Treating hypertension with selected co-morbidities drug class:
AF, DM, aortic disease, CKD: ACEI or ARB.
HF (preserved Ejection fraction): diuretics for volume overload.
**Add ACEI or ARB and beta blocker for incremental BP control; also consider angiotensin receptor – neprilysin inhibitor and mineralocorticoid receptor antagonists
HF (reduced ejection fraction), Angina, post MI or ACS: beta blockers. AVOID: Non-DHP calcium antagonists
Secondary stroke prevention: Thiazide, ACEI, ARB or thiazide + ACEI combination. **if previously treated, restart drugs a few days post-event; if not previously treated, start drug treatment a few days post-event if BP ≥140/90.

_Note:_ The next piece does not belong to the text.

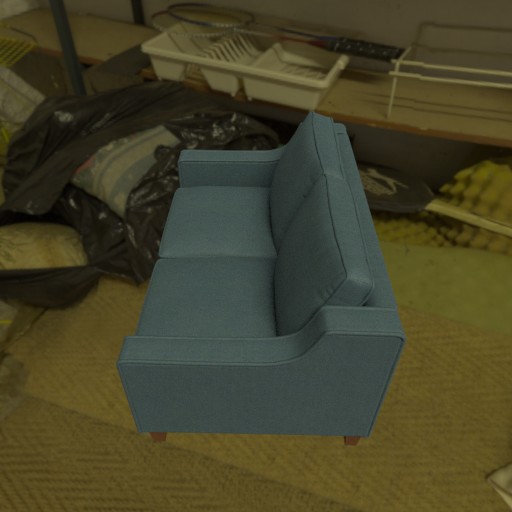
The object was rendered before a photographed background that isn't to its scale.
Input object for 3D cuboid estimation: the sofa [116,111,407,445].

Valvular heart disease such as: Aortic stenosis (asymptomatic) or Aortic insufficiency: Avoid beta blockers, non-DHP calcium antagonists. Avoid drugs that slow heart rate
Prodrugs anti-HTN:
Minoxidil is a prodrug that is converted by sulfation via the sulfotransferase enzyme SULT1A1 to its active form, minoxidil sulfate
Methyldopa is a prodrug that is metabolized into alpha-methyl-noradrenaline (norepinephrine) and acts centrally to decrease the adrenergic neuronal outflow from the brain stem.
Race vs. HTN treatment:
African Americans. Accordingly, those without heart failure or CKD who do not meet criteria for two-drug therapy should be initially treated with either a thiazide-type diuretic or calcium antagonist.
- combination > monotherapy in this population.
Prototypes of anti-HTN drugs:
CCB: Nifedipine
Beta-blockers: Propranolol (nonselective)
ACEI: Captopril (shorter half life than newer generations)
ARB: Losartan
White coat hypertension:
office BP is ≥130/80 mm Hg but out of office (home or daytime ambulatory BP) <130/80 mm Hg after 3 months of diet and lifestyle modification.